Make an exact copy of the entries below with the pictures removed.

Records shown |
-*-*-

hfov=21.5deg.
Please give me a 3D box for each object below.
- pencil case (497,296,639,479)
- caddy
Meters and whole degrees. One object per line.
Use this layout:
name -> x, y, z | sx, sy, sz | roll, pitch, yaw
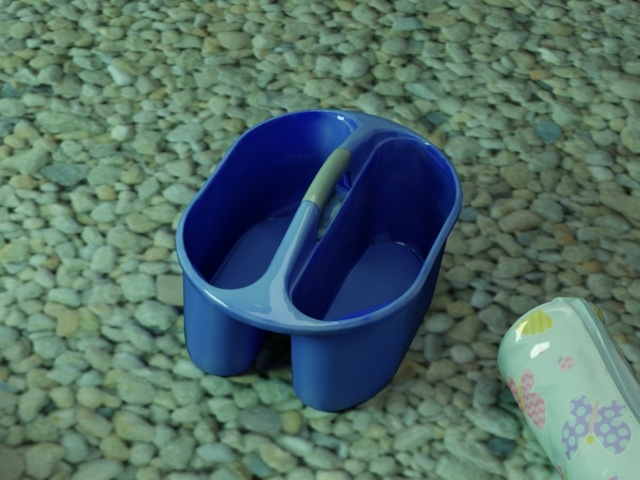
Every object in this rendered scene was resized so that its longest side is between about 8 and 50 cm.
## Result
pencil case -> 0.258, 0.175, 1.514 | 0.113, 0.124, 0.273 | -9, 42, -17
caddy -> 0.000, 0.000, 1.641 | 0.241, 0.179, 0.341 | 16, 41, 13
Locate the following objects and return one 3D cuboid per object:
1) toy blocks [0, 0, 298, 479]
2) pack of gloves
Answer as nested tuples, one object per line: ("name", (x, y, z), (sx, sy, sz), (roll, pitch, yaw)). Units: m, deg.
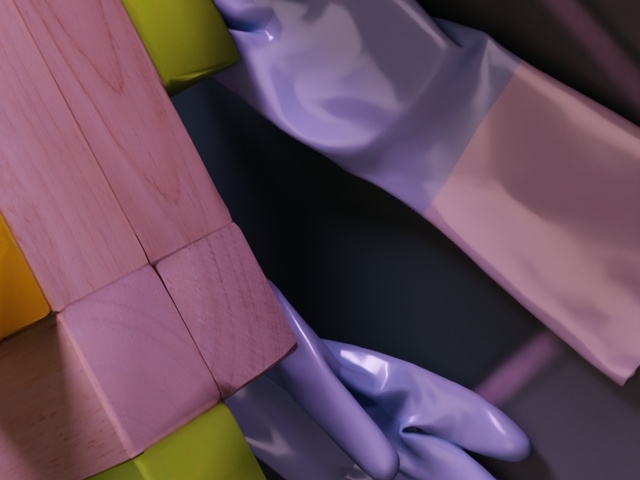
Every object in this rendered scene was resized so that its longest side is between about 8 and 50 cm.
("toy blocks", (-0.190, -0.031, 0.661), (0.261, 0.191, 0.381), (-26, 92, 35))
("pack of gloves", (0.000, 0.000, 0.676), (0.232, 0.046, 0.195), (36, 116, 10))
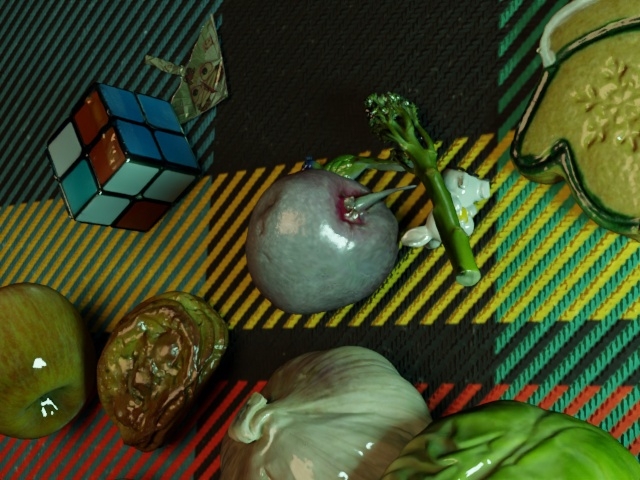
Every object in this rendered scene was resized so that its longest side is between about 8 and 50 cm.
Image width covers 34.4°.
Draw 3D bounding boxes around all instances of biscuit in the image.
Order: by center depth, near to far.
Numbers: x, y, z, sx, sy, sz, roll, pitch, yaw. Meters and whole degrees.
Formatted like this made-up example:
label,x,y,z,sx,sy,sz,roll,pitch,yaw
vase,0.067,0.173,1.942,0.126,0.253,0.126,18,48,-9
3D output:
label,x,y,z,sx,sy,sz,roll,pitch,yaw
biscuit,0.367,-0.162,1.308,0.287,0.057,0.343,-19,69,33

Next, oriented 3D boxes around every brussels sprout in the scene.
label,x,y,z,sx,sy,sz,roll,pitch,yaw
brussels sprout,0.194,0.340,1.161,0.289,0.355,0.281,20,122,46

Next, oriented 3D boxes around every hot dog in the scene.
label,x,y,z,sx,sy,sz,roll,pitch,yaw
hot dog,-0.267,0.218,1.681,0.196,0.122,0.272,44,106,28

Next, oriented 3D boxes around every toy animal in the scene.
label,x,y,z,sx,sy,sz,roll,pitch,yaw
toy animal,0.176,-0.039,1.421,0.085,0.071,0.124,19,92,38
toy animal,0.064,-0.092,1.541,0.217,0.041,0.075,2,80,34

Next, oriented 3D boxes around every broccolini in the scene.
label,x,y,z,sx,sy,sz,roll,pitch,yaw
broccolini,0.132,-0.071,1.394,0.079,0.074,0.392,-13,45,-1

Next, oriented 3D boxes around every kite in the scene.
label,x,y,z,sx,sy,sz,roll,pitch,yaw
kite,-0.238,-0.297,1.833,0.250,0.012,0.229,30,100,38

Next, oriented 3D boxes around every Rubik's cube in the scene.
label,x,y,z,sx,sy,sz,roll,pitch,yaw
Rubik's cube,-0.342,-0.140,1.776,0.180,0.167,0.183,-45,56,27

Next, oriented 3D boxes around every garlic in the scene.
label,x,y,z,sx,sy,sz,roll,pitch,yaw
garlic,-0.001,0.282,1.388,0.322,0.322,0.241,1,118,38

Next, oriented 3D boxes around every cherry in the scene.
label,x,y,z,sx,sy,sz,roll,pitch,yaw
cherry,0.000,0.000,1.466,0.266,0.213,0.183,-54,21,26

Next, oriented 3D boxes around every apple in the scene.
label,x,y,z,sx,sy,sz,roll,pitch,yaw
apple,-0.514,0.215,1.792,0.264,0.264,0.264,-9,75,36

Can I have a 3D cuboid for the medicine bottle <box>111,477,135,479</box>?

-*-*-

The completed task |
hfov=21.5deg.
Please give me a 3D box for each object below.
- pencil case (497,296,639,479)
- caddy
Meters and whole degrees. One object per line.
Use this layout:
name -> x, y, z | sx, sy, sz | roll, pitch, yaw
Every object in this rendered scene was resized so that its longest side is between about 8 and 50 cm.
## Result
pencil case -> 0.258, 0.175, 1.514 | 0.113, 0.124, 0.273 | -9, 42, -17
caddy -> 0.000, 0.000, 1.641 | 0.241, 0.179, 0.341 | 16, 41, 13
Locate the following objects and return one 3D cuboid per object:
1) toy blocks [0, 0, 298, 479]
2) pack of gloves
Answer as nested tuples, one object per line: ("name", (x, y, z), (sx, sy, sz), (roll, pitch, yaw)). Units: m, deg.
Every object in this rendered scene was resized so that its longest side is between about 8 and 50 cm.
("toy blocks", (-0.190, -0.031, 0.661), (0.261, 0.191, 0.381), (-26, 92, 35))
("pack of gloves", (0.000, 0.000, 0.676), (0.232, 0.046, 0.195), (36, 116, 10))
Every object in this rendered scene was resized so that its longest side is between about 8 and 50 cm.
Image width covers 34.4°.
Draw 3D bounding boxes around all instances of biscuit in the image.
Order: by center depth, near to far.
Numbers: x, y, z, sx, sy, sz, roll, pitch, yaw. Meters and whole degrees.
Formatted like this made-up example:
label,x,y,z,sx,sy,sz,roll,pitch,yaw
vase,0.067,0.173,1.942,0.126,0.253,0.126,18,48,-9
3D output:
label,x,y,z,sx,sy,sz,roll,pitch,yaw
biscuit,0.367,-0.162,1.308,0.287,0.057,0.343,-19,69,33

Next, oriented 3D boxes around every brussels sprout in the scene.
label,x,y,z,sx,sy,sz,roll,pitch,yaw
brussels sprout,0.194,0.340,1.161,0.289,0.355,0.281,20,122,46

Next, oriented 3D boxes around every hot dog in the scene.
label,x,y,z,sx,sy,sz,roll,pitch,yaw
hot dog,-0.267,0.218,1.681,0.196,0.122,0.272,44,106,28

Next, oriented 3D boxes around every toy animal in the scene.
label,x,y,z,sx,sy,sz,roll,pitch,yaw
toy animal,0.176,-0.039,1.421,0.085,0.071,0.124,19,92,38
toy animal,0.064,-0.092,1.541,0.217,0.041,0.075,2,80,34

Next, oriented 3D boxes around every broccolini in the scene.
label,x,y,z,sx,sy,sz,roll,pitch,yaw
broccolini,0.132,-0.071,1.394,0.079,0.074,0.392,-13,45,-1

Next, oriented 3D boxes around every kite in the scene.
label,x,y,z,sx,sy,sz,roll,pitch,yaw
kite,-0.238,-0.297,1.833,0.250,0.012,0.229,30,100,38

Next, oriented 3D boxes around every Rubik's cube in the scene.
label,x,y,z,sx,sy,sz,roll,pitch,yaw
Rubik's cube,-0.342,-0.140,1.776,0.180,0.167,0.183,-45,56,27

Next, oriented 3D boxes around every garlic in the scene.
label,x,y,z,sx,sy,sz,roll,pitch,yaw
garlic,-0.001,0.282,1.388,0.322,0.322,0.241,1,118,38

Next, oriented 3D boxes around every cherry in the scene.
label,x,y,z,sx,sy,sz,roll,pitch,yaw
cherry,0.000,0.000,1.466,0.266,0.213,0.183,-54,21,26

Next, oriented 3D boxes around every apple in the scene.
label,x,y,z,sx,sy,sz,roll,pitch,yaw
apple,-0.514,0.215,1.792,0.264,0.264,0.264,-9,75,36

Can I have a 3D cuboid for the medicine bottle <box>111,477,135,479</box>?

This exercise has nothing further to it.